## WHAT IS BEING ASKED
From the entries below, return every line that includes the word "image".
§ §
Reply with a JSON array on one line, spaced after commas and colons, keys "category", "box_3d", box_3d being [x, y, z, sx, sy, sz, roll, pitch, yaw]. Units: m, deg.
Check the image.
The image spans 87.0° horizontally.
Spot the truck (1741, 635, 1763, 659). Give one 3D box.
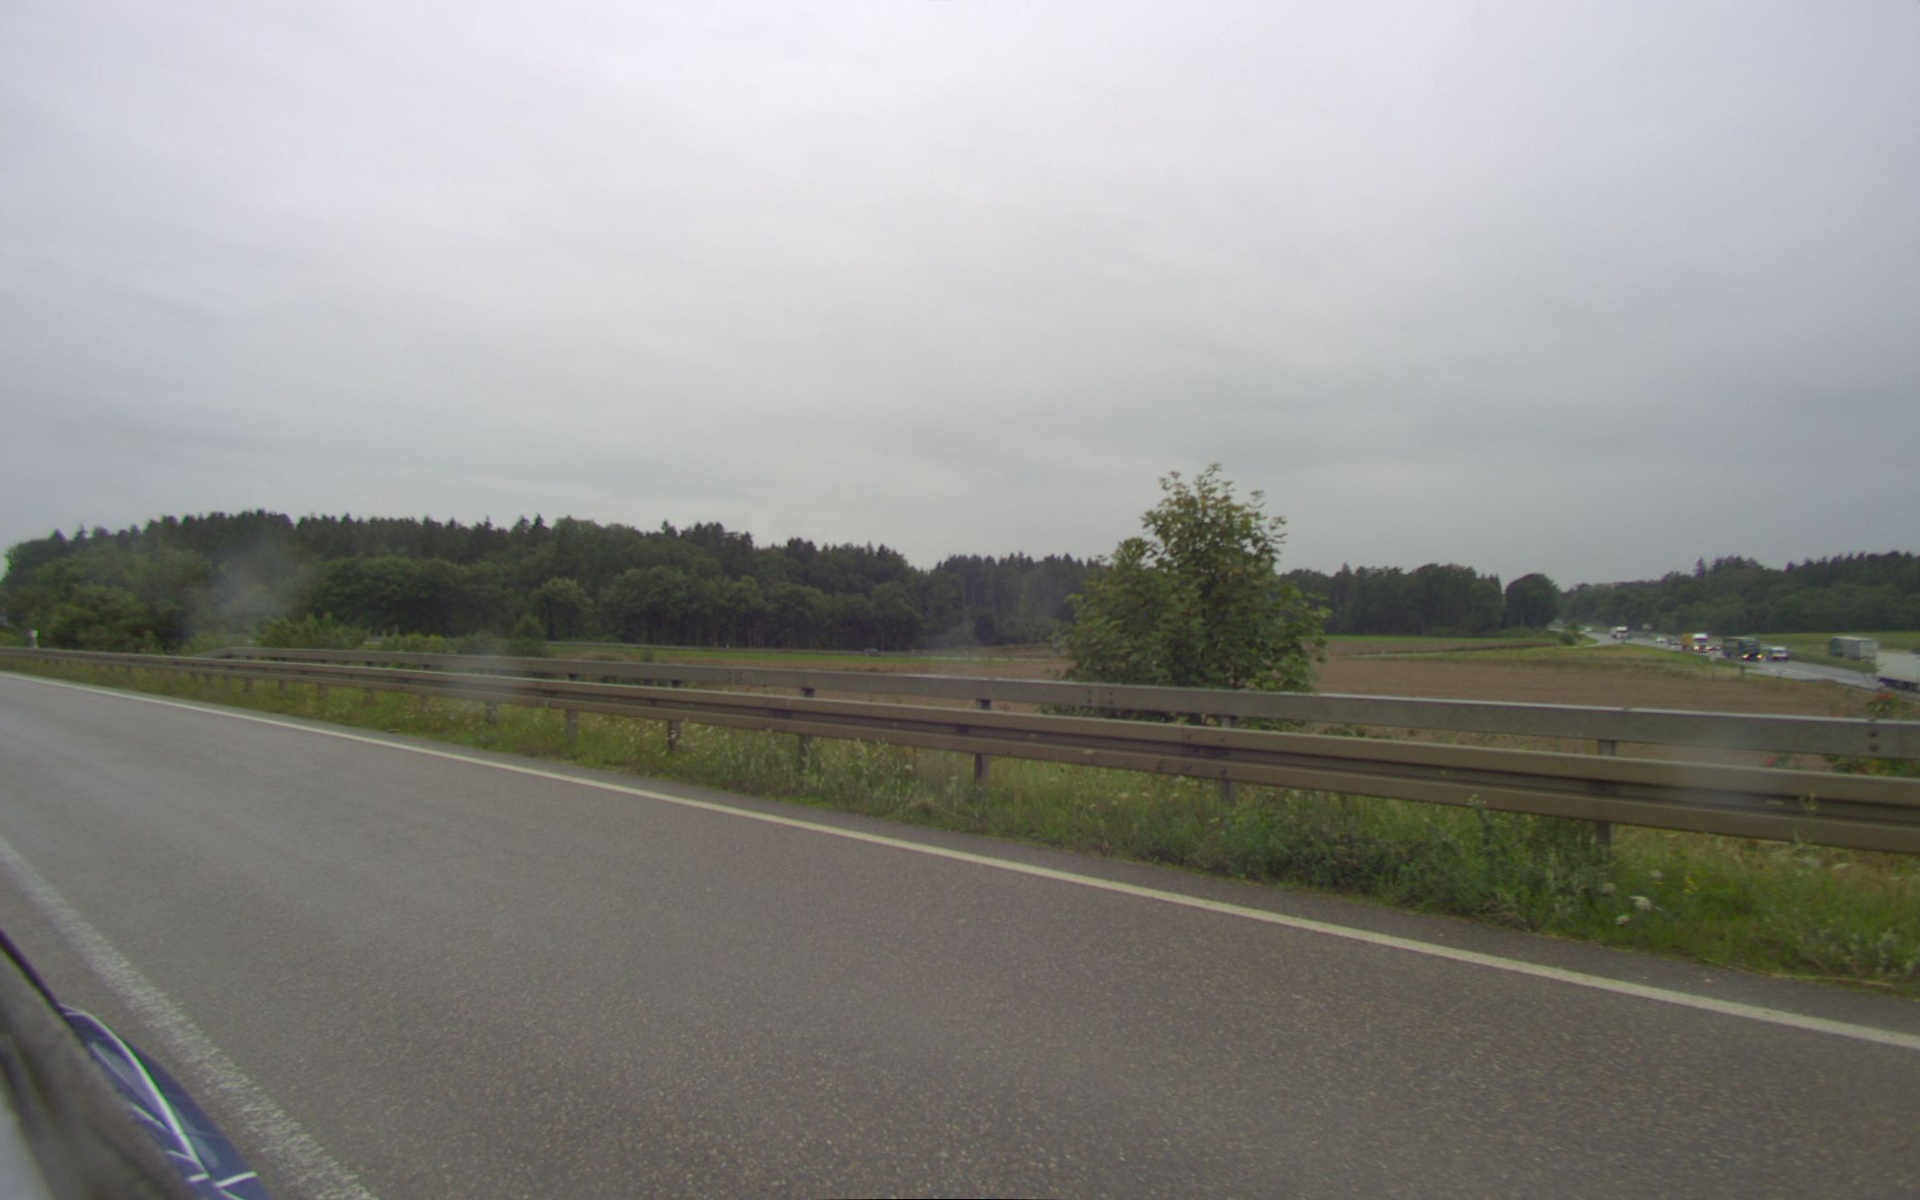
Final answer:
[{"category": "truck", "box_3d": [145.547, 8.608, 185.984, 2.233, 3.727, 9.743, -2, 1, 33]}]

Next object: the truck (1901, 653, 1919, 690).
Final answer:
§ §
## EXERCISE OUTPUT
Check the image.
The image spans 87.0° horizontally.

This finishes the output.